Wednesday, October 2, 2024

I think his name was Gavin Kreel

 I think his name was Gavin Kreel


    He was 48 years old, super successful and quite a guy from all accounts. He could act, sing, I think dance, the whole kit and kaboodle. 

    I respect actors, singers, dancers. I have done a little here and there. I watch a lot more. I have written a little, but to no real effect on stage or screen. Yet.

    I have acted as a few things in my life, which might have seemed like pretending at times, to myself or others, but in the end, I was my doing things for me, believing in them at the time, and since.

    Like holding the priesthood of God. Not all can do it, or believe in it, or accept it.

    I believe in it. He gave me the power and authority to act in his name. Since my youth.
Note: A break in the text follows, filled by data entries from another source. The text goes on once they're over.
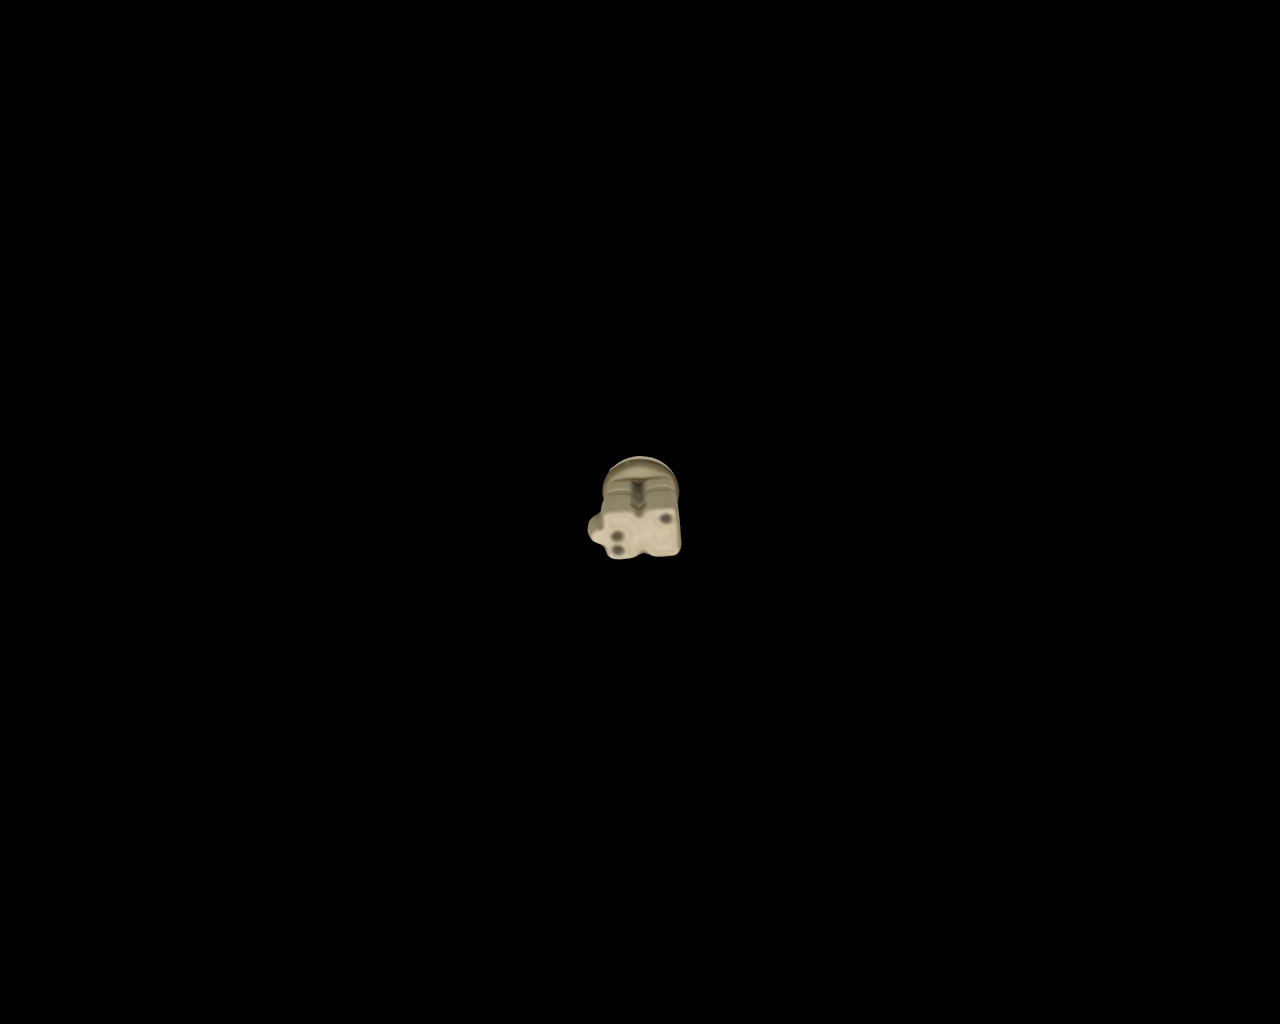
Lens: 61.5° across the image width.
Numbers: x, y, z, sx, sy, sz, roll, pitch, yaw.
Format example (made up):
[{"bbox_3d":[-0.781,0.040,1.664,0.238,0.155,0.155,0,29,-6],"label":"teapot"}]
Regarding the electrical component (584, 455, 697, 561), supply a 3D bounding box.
[{"bbox_3d":[0.001,-0.003,0.650,0.066,0.048,0.055,-3,35,2],"label":"electrical component"}]
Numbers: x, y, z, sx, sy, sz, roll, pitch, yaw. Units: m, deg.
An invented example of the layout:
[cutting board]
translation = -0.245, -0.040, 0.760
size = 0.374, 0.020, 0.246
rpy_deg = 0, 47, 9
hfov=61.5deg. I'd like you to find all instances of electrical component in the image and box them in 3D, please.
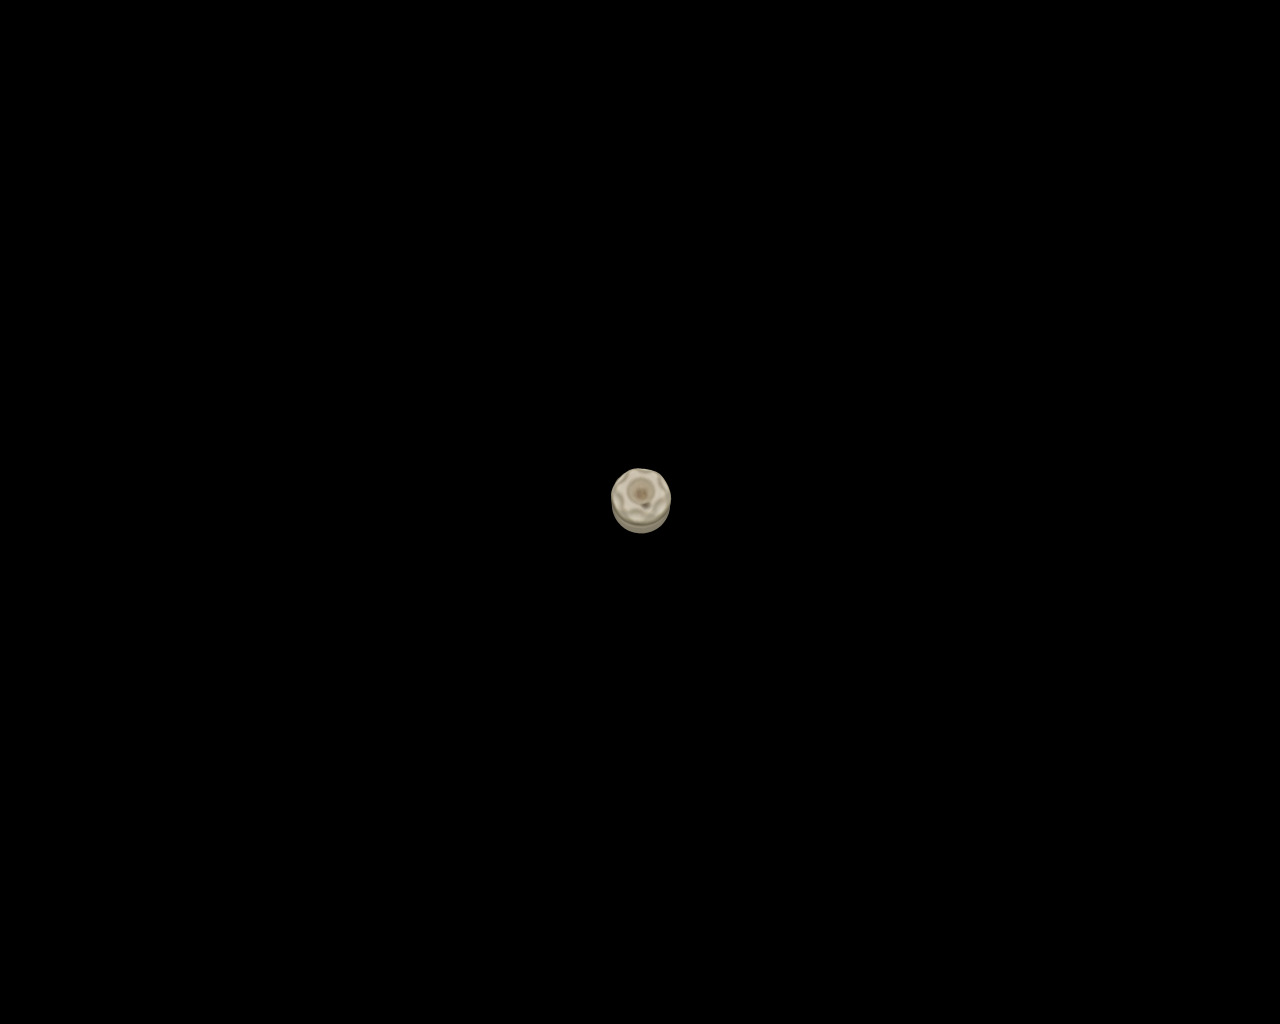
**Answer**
[electrical component]
translation = 0.001, -0.003, 0.650
size = 0.035, 0.035, 0.061
rpy_deg = 0, -19, 0

    When I was 19 years-old I was set apart to be a full-time representative of the Lord, and I did it more or less to the best of my ability for two straight years. It was not always easy, and sometimes it could be frustrating and difficult for a myriad of reasons. But overall, I felt it brough me joy, peace, fulfillment, wisdom, with a share of sadness, or grief, or wonder. It was amazing.

    Gavin played an elder for thousands, if not millions of souls in theaters. He received a lot of acclaim and applause.

    But he was not an elder of the Lord like I was. I know he wasn't. And, he was not part of what I was doing. He was sharing his love and passions for his part, in the play mocking faith and race and a few other things that I find offensive, such as vulgar language.

    Gavin did a lot of other things other than this role as a missionary for my faith.

    So have I.

    Rest in peace, brother. I may see you someday. I hope that we both will share the priesthood of God, for real. No jokes or punchlines about it.

    God will prevail, and I choose to be with Him. I hope we can all do this. Learn, live, repent, and come home to Him.